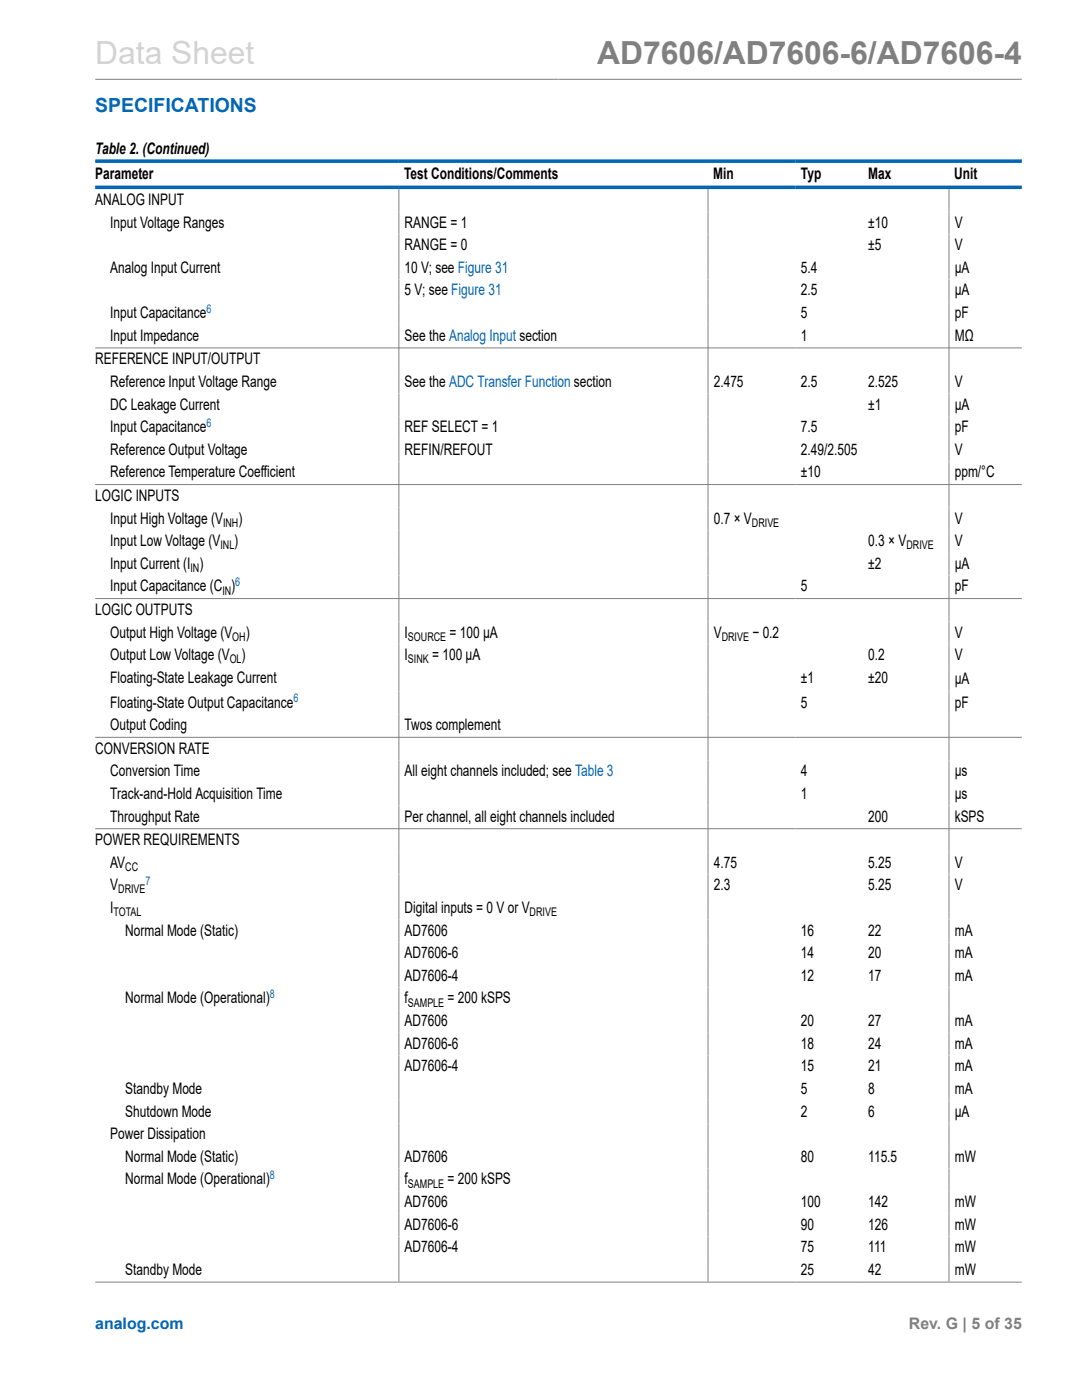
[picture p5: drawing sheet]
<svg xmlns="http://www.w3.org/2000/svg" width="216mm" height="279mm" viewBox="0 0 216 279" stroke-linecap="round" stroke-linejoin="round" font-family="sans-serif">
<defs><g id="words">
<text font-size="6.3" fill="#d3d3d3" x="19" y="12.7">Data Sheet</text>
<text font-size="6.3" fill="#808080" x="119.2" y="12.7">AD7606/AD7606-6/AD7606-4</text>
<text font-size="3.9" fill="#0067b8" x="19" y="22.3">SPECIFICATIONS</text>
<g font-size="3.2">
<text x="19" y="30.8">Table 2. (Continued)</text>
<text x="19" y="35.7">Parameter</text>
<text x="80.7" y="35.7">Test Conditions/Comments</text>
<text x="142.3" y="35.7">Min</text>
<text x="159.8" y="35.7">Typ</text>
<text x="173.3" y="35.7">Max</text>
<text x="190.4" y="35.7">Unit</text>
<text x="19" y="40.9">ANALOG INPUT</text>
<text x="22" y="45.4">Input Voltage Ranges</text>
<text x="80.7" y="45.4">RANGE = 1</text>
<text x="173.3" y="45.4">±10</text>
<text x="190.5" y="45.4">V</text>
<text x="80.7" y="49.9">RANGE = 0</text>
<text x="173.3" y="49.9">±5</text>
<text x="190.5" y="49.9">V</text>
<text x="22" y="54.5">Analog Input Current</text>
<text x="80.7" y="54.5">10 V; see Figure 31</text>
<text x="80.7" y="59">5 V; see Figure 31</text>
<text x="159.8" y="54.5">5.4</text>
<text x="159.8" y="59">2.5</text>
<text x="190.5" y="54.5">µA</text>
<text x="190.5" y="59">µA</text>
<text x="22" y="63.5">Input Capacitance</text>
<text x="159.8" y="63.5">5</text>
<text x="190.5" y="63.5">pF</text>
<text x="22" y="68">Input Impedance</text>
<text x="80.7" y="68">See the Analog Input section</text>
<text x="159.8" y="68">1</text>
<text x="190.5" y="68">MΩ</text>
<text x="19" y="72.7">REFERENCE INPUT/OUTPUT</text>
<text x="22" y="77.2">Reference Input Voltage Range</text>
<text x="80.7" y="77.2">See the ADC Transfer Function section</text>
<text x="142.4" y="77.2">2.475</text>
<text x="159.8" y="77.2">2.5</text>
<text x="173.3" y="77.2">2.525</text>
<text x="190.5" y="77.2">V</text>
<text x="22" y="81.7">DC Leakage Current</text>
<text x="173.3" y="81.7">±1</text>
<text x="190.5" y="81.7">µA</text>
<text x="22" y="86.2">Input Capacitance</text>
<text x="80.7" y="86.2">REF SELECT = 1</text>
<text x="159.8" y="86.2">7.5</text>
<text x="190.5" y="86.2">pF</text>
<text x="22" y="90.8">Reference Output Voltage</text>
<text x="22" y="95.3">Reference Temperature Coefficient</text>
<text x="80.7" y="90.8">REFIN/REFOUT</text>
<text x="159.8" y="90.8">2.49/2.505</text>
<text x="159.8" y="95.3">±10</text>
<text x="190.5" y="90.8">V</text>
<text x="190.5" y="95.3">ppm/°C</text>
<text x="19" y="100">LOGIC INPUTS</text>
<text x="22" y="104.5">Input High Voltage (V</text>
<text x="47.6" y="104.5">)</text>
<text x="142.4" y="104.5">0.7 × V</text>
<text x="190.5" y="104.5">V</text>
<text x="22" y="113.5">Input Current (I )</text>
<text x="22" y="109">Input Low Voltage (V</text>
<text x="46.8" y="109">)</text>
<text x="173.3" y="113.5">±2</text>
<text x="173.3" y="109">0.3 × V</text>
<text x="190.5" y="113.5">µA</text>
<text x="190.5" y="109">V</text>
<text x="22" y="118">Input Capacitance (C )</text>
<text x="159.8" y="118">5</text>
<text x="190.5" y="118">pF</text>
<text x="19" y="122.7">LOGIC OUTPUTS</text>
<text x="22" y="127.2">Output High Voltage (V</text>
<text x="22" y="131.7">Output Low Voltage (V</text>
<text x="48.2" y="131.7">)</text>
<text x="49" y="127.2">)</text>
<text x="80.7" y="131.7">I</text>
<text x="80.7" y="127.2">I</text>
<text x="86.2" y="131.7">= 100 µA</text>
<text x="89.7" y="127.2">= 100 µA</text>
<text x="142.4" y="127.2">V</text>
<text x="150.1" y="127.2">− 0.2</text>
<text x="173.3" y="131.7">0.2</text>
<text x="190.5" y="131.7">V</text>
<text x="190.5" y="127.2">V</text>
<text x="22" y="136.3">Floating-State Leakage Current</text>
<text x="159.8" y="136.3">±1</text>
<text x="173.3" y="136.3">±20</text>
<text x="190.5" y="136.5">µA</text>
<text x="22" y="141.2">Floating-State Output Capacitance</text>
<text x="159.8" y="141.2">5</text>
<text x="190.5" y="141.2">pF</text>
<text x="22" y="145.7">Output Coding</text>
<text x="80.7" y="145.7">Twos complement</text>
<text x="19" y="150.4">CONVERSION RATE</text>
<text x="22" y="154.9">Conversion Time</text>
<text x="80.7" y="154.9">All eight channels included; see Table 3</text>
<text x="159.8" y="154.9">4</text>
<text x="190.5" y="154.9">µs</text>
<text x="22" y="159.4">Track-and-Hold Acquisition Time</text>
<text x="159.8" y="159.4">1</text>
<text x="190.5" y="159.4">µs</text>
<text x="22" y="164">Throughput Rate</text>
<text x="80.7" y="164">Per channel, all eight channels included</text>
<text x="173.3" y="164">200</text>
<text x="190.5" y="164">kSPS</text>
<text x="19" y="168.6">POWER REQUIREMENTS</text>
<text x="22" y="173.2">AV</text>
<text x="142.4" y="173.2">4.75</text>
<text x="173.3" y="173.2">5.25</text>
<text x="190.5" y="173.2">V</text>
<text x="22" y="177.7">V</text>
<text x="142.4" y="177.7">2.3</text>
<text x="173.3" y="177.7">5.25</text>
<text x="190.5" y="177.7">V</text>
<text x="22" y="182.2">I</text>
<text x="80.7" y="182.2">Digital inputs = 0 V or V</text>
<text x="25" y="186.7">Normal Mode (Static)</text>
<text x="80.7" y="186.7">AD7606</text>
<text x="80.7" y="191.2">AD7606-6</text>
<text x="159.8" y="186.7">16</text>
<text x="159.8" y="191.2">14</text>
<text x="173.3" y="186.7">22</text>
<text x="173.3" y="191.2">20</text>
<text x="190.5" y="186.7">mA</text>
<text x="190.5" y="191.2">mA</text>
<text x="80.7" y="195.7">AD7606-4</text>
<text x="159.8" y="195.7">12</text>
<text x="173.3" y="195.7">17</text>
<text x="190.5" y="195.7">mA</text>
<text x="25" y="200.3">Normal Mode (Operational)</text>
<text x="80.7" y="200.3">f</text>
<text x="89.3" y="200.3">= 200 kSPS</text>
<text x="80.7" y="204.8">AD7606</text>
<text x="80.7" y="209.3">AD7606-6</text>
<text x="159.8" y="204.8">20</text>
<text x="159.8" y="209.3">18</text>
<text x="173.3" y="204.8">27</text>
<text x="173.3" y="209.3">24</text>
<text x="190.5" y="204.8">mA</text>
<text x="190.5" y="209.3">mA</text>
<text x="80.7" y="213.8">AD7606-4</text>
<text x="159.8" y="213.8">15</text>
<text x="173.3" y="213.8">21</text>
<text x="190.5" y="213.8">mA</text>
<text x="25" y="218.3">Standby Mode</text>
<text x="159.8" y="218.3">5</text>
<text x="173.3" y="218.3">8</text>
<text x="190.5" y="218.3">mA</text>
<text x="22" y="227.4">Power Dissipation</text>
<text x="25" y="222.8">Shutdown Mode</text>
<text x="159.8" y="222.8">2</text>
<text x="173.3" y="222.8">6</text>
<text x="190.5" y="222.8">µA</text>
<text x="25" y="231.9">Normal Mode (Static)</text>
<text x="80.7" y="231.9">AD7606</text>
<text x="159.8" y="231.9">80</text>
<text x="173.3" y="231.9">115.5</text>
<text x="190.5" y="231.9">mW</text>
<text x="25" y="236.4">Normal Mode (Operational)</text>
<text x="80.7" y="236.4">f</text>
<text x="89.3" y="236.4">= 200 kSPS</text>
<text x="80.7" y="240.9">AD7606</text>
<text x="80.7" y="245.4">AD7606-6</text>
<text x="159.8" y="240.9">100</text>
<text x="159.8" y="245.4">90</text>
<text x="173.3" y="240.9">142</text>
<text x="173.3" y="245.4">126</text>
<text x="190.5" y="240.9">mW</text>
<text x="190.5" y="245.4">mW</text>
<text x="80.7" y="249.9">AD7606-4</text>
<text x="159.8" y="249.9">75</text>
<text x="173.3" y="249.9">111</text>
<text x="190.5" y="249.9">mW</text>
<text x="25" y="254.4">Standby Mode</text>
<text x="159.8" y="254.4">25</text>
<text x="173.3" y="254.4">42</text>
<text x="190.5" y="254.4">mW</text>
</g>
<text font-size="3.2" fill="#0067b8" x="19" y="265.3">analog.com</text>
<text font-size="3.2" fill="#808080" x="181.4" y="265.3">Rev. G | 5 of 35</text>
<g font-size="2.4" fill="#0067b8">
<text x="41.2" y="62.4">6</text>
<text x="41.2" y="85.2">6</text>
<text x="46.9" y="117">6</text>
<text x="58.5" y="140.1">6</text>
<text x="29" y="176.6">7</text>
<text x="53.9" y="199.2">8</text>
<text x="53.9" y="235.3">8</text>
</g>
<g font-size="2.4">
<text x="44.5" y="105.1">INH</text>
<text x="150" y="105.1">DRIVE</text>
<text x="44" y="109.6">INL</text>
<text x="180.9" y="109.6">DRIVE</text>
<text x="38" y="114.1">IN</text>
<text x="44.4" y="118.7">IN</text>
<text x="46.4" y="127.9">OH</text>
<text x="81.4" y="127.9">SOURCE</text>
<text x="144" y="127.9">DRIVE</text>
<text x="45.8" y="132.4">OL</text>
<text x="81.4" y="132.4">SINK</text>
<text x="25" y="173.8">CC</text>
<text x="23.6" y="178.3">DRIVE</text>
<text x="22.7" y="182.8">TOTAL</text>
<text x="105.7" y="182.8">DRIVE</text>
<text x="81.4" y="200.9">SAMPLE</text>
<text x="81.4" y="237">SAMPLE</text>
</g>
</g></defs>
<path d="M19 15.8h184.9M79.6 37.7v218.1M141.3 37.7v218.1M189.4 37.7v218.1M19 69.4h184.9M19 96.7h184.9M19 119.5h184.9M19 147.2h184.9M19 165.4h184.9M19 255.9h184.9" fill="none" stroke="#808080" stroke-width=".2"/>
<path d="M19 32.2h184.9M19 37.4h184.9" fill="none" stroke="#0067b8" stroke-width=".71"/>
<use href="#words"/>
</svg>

┄┄┄┄┄┄┄┄┄┄

◆ **EXERCISE INSTRUCTIONS**
Determine the number of lines in the material above that include the word "State". Give that number and no other text.

◆ **RESPONSE FOR THIS EXERCISE**
2